Problem description. Find the string "Given" in the records. Copy each line that has it.

Data provided.
- - - - -
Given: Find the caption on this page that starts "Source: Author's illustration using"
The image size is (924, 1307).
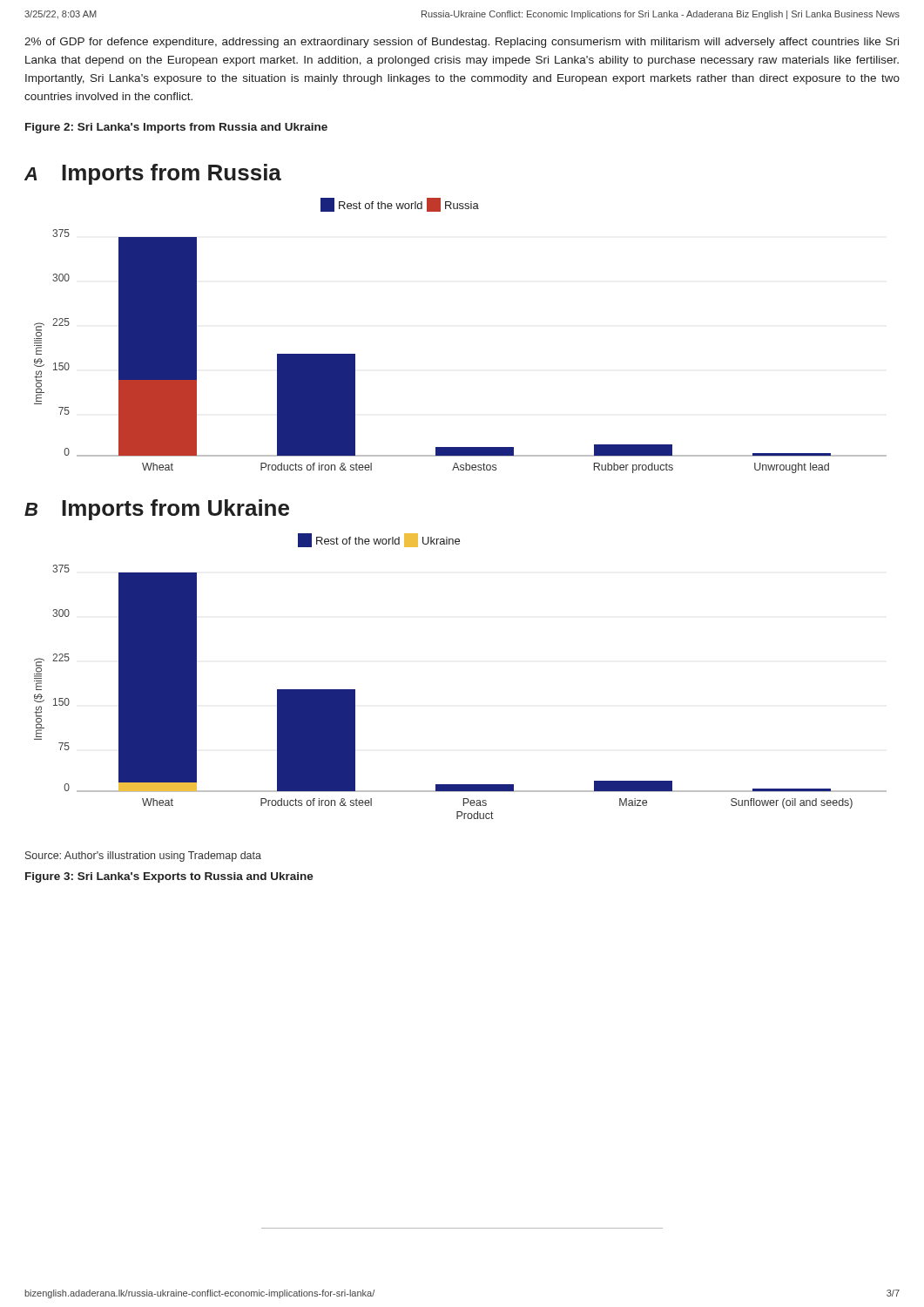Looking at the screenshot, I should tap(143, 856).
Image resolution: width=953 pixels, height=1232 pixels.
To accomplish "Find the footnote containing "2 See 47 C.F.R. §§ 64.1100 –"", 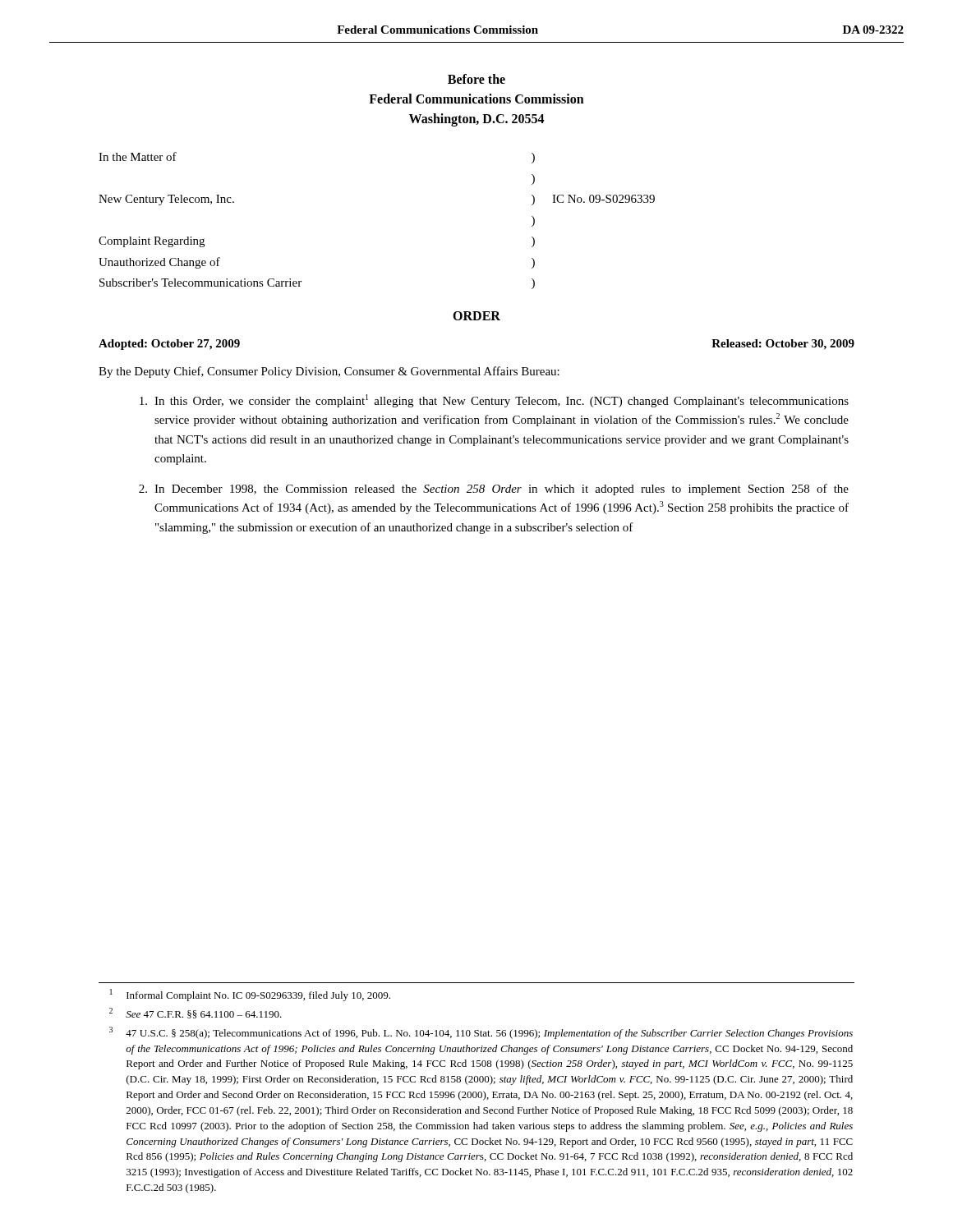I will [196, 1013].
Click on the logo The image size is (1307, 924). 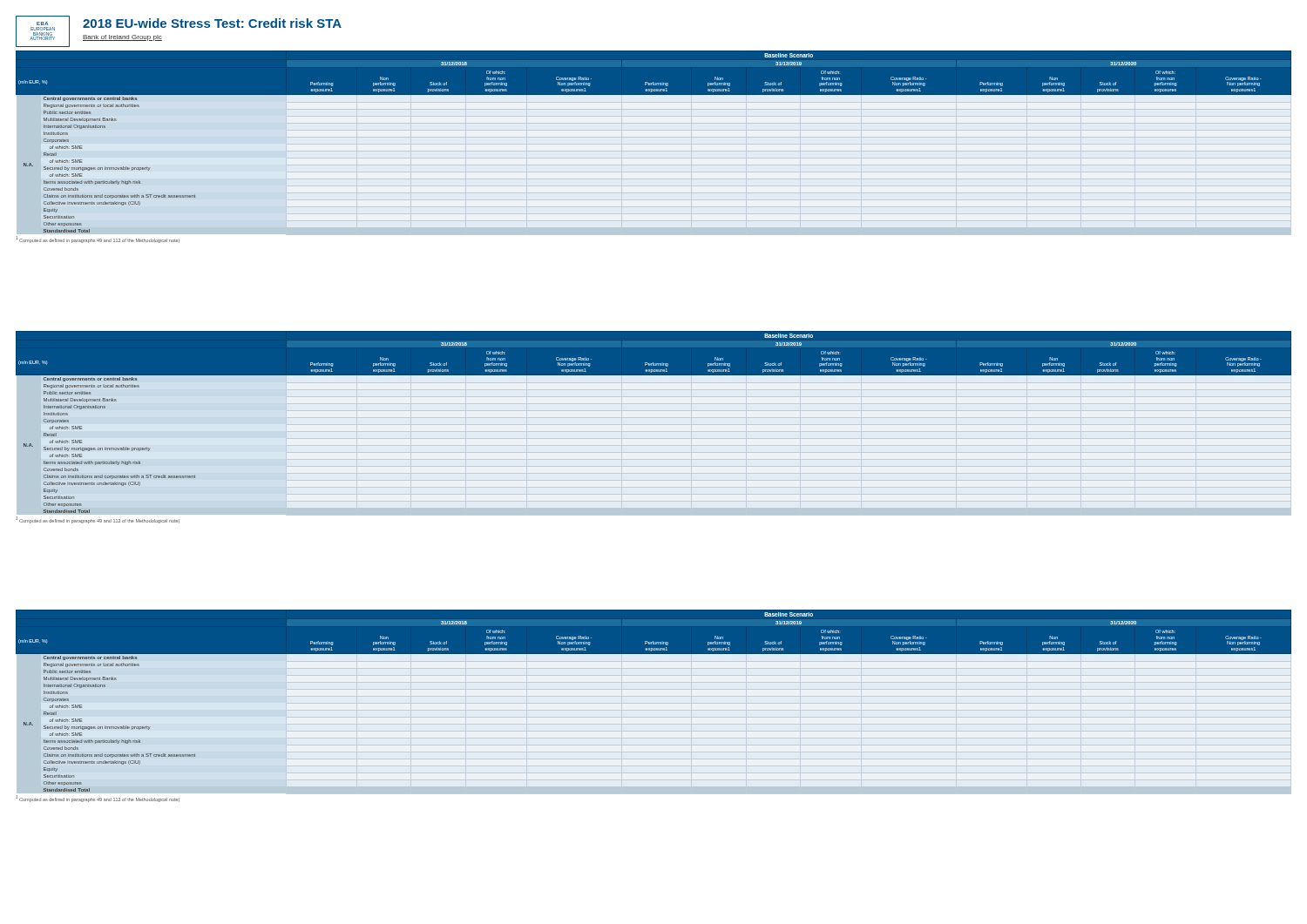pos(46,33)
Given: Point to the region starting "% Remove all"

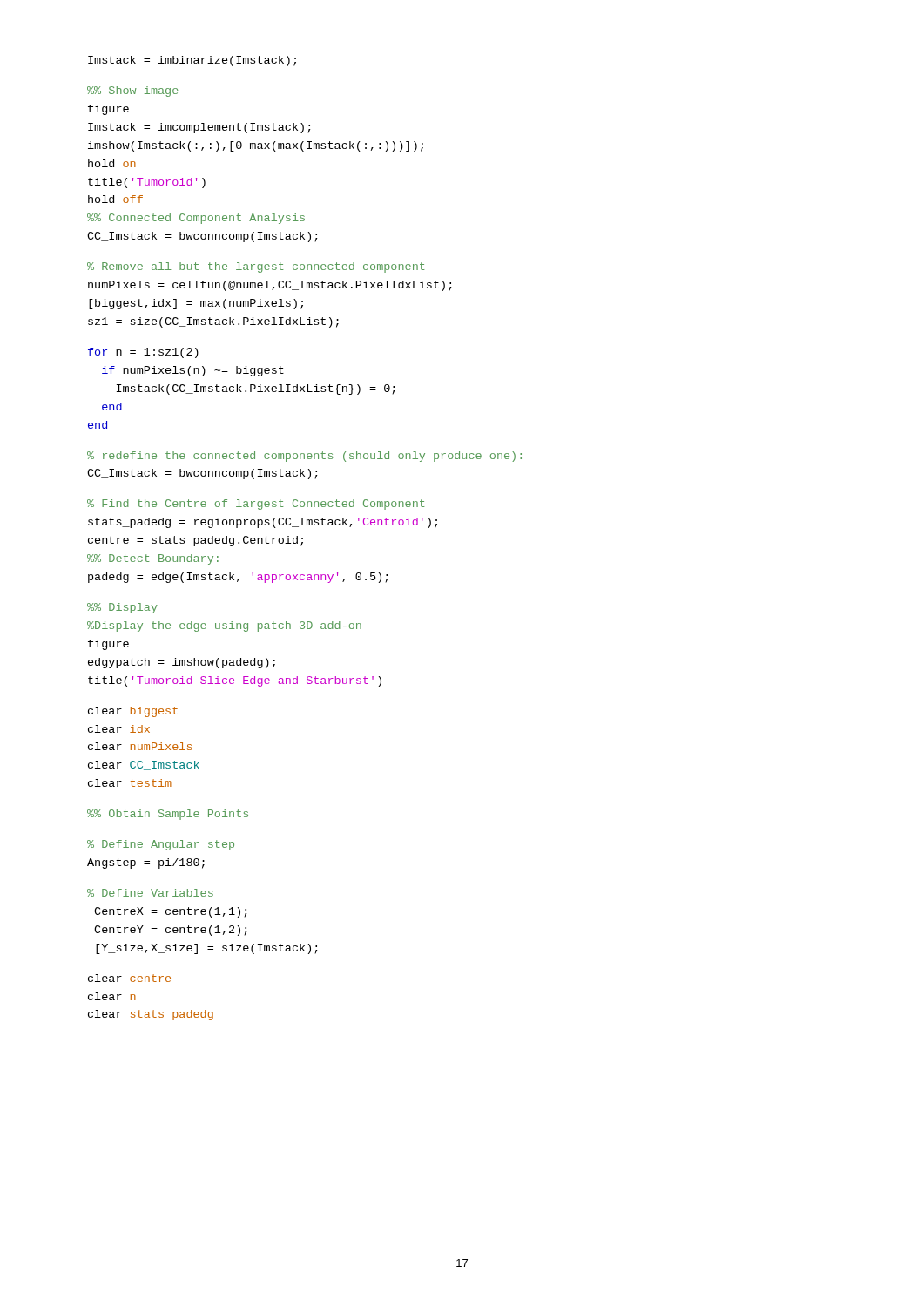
- - - - -
Task output.
Given: Find the caption on this page that starts "Source: Author's illustration using"
Given: Point to the region starting "% Remove all"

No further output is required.